France’s America  In 1604 and 1608, France established outposts in present-day Nova Scotia and Quebec.  Bitter skirmishes with the Iroquois set the tone for future colonial wars with an ongoing alliance of the English and Iroquois against the French.

England Challenges the Dutch  The Dutch settled significant regions of the mid-Atlantic coast of North America with a main settlement at New Netherland.  By 1650, England was prepared to challenge Dutch supremacy on the sea.  A series of wars saw the Dutch permanently dislodged from the American mainland.

IV.Proprietary Carolina: A Restoration Reward

The Indian Debacle  Carolina was the most elaborately planned colony of the English, but the least successful in achieving harmony of the races.  Capturing Indians for the slave trade became the colony’s main revenue source, causing a series of racial wars.

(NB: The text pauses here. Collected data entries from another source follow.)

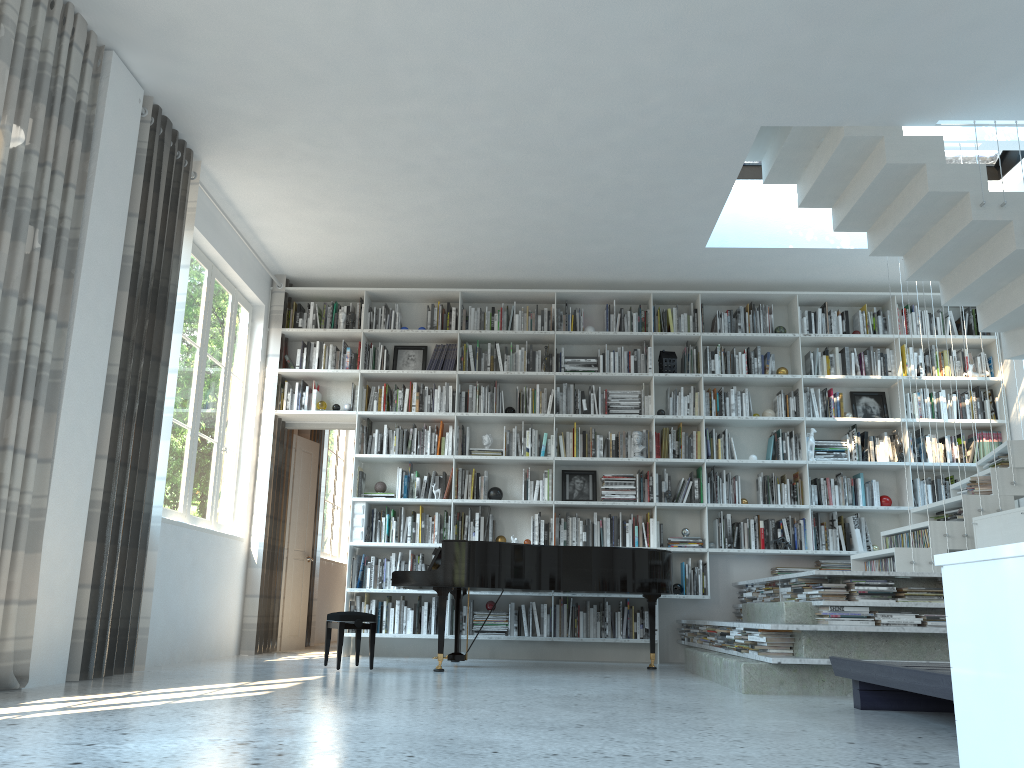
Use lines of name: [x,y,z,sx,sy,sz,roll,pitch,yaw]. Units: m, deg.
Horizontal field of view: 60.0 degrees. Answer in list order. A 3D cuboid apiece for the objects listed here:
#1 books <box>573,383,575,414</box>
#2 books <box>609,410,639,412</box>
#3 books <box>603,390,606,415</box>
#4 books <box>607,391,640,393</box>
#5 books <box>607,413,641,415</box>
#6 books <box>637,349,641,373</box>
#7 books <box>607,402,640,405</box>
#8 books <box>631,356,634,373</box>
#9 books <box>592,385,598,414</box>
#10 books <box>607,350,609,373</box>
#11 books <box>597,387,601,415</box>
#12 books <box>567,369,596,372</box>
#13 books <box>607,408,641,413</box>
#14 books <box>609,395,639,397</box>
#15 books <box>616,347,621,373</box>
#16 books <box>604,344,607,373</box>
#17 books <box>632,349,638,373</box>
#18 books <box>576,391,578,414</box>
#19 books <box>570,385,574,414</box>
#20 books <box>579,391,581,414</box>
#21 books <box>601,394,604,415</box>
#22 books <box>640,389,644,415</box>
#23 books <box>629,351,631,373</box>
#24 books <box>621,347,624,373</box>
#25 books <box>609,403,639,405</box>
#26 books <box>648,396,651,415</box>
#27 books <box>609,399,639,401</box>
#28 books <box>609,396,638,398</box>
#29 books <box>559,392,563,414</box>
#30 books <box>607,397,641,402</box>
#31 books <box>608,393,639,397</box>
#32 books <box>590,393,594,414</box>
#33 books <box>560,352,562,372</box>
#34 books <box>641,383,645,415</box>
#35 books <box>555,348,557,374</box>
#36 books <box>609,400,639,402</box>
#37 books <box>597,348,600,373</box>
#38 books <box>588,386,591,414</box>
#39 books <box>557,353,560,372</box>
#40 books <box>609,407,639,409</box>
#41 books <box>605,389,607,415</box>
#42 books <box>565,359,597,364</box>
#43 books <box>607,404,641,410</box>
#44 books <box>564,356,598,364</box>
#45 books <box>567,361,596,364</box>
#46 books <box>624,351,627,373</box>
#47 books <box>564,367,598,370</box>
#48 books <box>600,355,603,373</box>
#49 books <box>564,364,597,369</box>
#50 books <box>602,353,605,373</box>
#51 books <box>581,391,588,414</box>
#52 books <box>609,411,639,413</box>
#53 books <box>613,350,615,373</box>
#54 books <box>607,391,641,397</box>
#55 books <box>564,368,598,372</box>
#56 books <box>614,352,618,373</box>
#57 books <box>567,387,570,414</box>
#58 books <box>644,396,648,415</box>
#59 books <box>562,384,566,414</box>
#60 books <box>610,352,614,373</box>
books: [0.539,0.162,7.732,0.011,0.299,0.180,1,-14,2]
books: [0.969,0.249,7.706,0.254,0.012,0.161,1,-14,1]
books: [0.800,0.191,7.713,0.015,0.244,0.183,1,-14,2]
books: [0.972,0.083,7.745,0.285,0.012,0.160,0,-14,4]
books: [0.969,0.273,7.701,0.285,0.012,0.160,0,-14,3]
books: [1.109,-0.166,7.801,0.029,0.260,0.133,1,-14,2]
books: [0.970,0.178,7.719,0.285,0.012,0.160,0,-14,5]
books: [1.048,-0.135,7.780,0.029,0.188,0.176,1,-14,2]
books: [0.723,0.170,7.728,0.049,0.290,0.162,1,-14,2]
books: [0.837,-0.160,7.799,0.021,0.237,0.172,1,-14,2]
books: [0.758,0.177,7.711,0.021,0.268,0.192,1,-14,2]
books: [0.603,-0.099,7.798,0.254,0.012,0.161,1,-14,-1]
books: [0.969,0.237,7.705,0.285,0.012,0.160,1,-14,-1]
books: [0.971,0.118,7.736,0.254,0.012,0.161,0,-14,4]
books: [0.941,-0.171,7.820,0.029,0.273,0.141,1,-14,2]
books: [0.821,-0.186,7.790,0.011,0.283,0.190,1,-14,2]
books: [1.078,-0.164,7.785,0.032,0.247,0.174,1,-14,2]
books: [0.562,0.196,7.726,0.014,0.232,0.147,1,-14,2]
books: [0.520,0.166,7.740,0.029,0.294,0.151,1,-14,2]
books: [0.588,0.192,7.723,0.011,0.239,0.148,1,-14,2]
books: [0.780,0.207,7.719,0.024,0.215,0.132,1,-14,2]
books: [1.126,0.190,7.699,0.012,0.253,0.161,1,-14,2]
books: [1.028,-0.155,7.789,0.012,0.230,0.159,1,-14,2]
books: [0.966,-0.174,7.799,0.023,0.269,0.185,1,-14,2]
books: [0.970,0.191,7.720,0.254,0.012,0.161,0,-14,3]
books: [1.189,0.219,7.709,0.030,0.204,0.159,1,-14,2]
books: [0.971,0.155,7.727,0.254,0.012,0.161,0,-14,4]
books: [0.971,0.130,7.726,0.254,0.012,0.161,-1,-15,7]
books: [0.426,0.199,7.742,0.027,0.227,0.147,1,-14,2]
books: [0.971,0.144,7.732,0.285,0.012,0.160,1,-14,1]
books: [0.972,0.108,7.743,0.254,0.012,0.161,1,-14,2]
books: [0.695,0.205,7.718,0.024,0.216,0.148,1,-14,2]
books: [0.427,-0.154,7.816,0.013,0.217,0.141,1,-14,2]
books: [1.140,0.162,7.722,0.012,0.318,0.140,1,-14,2]
books: [0.388,-0.170,7.829,0.012,0.253,0.161,1,-14,2]
books: [0.970,0.166,7.722,0.254,0.012,0.161,1,-14,-1]
books: [0.761,-0.169,7.804,0.012,0.253,0.161,1,-14,2]
books: [0.672,0.173,7.733,0.022,0.284,0.131,1,-14,2]
books: [0.407,-0.149,7.802,0.027,0.201,0.168,1,-14,2]
books: [0.970,0.225,7.710,0.254,0.012,0.161,0,-14,4]
books: [0.813,0.187,7.701,0.013,0.246,0.177,1,-14,2]
books: [0.607,-0.186,7.822,0.285,0.024,0.160,0,-14,4]
books: [0.970,0.203,7.718,0.285,0.012,0.160,0,-14,3]
books: [0.607,-0.209,7.832,0.285,0.024,0.160,1,-14,2]
books: [0.606,-0.164,7.812,0.254,0.025,0.161,2,-14,-2]
books: [0.988,-0.153,7.784,0.023,0.222,0.191,1,-14,2]
books: [0.604,-0.122,7.806,0.285,0.012,0.160,1,-14,0]
books: [0.779,-0.137,7.791,0.025,0.187,0.194,1,-14,2]
books: [0.606,-0.141,7.803,0.285,0.024,0.160,-1,-15,7]
books: [0.804,-0.147,7.823,0.024,0.223,0.129,1,-14,2]
books: [0.627,0.193,7.716,0.066,0.236,0.154,1,-14,2]
books: [0.969,0.262,7.705,0.254,0.012,0.161,1,-14,2]
books: [0.892,-0.160,7.808,0.012,0.244,0.132,1,-14,2]
books: [0.972,0.093,7.735,0.285,0.012,0.160,2,-14,-3]
books: [0.604,-0.111,7.801,0.285,0.012,0.160,1,-14,-1]
books: [0.911,-0.150,7.795,0.028,0.218,0.184,1,-14,2]
books: [0.492,0.176,7.720,0.025,0.265,0.185,1,-14,2]
books: [1.159,0.220,7.704,0.029,0.198,0.172,1,-14,2]
books: [0.453,0.162,7.732,0.026,0.296,0.179,1,-14,2]
books: [0.872,-0.150,7.794,0.027,0.216,0.190,1,-14,2]
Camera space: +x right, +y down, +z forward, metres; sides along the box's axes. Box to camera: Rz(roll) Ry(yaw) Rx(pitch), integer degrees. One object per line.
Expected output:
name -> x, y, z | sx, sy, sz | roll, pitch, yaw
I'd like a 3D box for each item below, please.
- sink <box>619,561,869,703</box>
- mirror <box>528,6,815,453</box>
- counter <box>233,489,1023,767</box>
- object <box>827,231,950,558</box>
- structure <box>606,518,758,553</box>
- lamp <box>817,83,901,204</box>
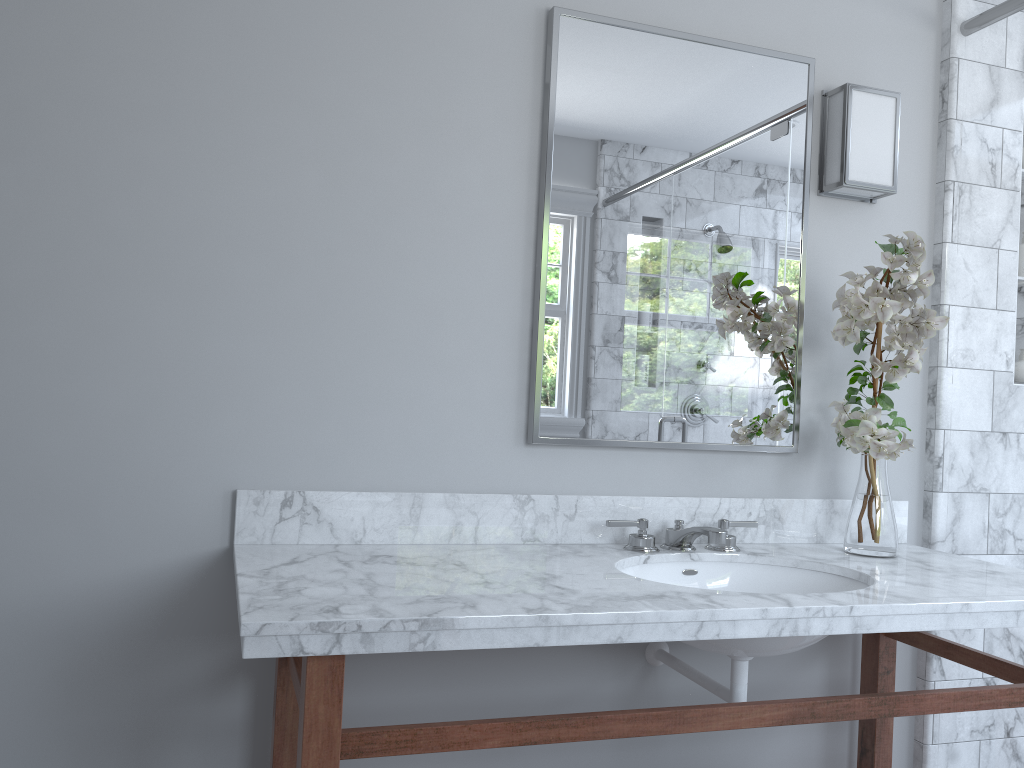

Early Carolina Society  In Carolina, an ethnically diverse and religiously discordant people clashed continuously.  Reliance on African slave labor to manage the backbreaking cultivation of rice became a mainstay for the colony.  In 1701, North and South Carolina split into respective colonies.

V.The Quakers’ Peaceable Kingdom

The Limits of Perfectionism  Despite commercial success and harmony with native tribes, the early colony of Pennsylvania stumbled due to poor leadership.  Pennsylvania was created by William Penn as a social experiment in utopianism for the Quaker community.

VI.New Spain’s Northern Frontier

Decline of Florida’s Missions  The Franciscan missions established along the Florida coast were pummeled by disease, the English, and a lack of interest by potential Spanish settlers.  When England and Spain went to war, the Carolinas attacked Florida.